# [Task details]
Throughout the material, count the lines with the word "Locations" in them, and answer with only the figure.

____ Data to process

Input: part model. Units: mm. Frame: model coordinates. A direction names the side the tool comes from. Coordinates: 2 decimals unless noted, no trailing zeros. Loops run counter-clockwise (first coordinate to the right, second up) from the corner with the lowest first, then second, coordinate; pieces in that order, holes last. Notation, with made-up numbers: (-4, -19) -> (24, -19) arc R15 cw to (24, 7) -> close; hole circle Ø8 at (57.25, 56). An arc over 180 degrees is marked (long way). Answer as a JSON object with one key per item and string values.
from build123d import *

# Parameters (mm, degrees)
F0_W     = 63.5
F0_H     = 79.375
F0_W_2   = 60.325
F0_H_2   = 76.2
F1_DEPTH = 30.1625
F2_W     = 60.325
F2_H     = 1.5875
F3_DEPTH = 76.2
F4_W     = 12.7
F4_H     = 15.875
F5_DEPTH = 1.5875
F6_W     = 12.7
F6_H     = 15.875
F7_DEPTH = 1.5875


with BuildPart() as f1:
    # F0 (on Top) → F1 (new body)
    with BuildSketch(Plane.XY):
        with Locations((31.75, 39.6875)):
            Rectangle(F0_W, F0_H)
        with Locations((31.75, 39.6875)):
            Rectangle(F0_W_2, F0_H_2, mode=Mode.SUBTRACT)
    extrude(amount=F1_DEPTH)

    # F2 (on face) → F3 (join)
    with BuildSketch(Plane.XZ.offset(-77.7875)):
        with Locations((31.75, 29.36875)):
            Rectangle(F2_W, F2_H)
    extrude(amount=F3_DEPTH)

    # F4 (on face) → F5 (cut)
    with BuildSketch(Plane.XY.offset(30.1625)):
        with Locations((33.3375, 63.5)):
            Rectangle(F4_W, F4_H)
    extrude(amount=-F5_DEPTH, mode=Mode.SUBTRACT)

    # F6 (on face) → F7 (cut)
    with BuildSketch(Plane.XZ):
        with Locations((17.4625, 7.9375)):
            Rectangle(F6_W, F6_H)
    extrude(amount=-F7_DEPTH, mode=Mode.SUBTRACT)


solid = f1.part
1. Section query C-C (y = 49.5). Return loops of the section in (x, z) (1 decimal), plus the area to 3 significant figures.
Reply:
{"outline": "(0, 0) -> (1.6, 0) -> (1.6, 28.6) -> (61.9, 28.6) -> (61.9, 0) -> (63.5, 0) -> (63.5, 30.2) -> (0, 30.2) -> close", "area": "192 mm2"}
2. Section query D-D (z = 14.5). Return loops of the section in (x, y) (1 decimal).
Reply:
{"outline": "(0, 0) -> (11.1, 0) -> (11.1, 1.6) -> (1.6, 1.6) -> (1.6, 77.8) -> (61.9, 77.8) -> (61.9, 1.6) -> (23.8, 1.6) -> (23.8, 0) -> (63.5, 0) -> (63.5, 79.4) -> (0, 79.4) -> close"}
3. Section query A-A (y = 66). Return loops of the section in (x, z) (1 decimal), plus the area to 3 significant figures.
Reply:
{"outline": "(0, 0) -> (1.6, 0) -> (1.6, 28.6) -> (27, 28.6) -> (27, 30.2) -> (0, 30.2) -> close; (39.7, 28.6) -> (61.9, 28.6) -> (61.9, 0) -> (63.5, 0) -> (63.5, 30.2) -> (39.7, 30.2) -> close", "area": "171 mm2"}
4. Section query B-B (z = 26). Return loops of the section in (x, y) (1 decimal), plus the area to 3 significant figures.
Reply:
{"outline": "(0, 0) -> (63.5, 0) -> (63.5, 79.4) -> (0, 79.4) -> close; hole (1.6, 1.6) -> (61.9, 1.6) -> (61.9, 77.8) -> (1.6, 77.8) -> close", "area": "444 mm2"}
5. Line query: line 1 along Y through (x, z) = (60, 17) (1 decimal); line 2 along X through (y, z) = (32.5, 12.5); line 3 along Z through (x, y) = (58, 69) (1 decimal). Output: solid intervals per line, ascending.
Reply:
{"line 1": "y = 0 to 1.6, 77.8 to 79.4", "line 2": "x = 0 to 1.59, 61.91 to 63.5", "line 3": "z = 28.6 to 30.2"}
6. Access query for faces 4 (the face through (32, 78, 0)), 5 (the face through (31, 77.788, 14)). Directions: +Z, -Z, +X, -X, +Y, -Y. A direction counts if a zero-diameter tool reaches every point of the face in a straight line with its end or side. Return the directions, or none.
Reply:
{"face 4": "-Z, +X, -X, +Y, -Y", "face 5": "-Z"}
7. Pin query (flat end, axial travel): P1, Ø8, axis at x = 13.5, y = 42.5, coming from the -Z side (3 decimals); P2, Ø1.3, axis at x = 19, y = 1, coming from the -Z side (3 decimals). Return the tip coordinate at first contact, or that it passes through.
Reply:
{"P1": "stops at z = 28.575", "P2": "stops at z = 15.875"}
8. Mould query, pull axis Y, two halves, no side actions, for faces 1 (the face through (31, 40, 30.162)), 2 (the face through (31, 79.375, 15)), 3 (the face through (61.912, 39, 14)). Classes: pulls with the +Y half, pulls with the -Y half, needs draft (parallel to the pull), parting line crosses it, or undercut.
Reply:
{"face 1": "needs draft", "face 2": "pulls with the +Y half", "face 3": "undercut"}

________

# [Solution for this exercise]
5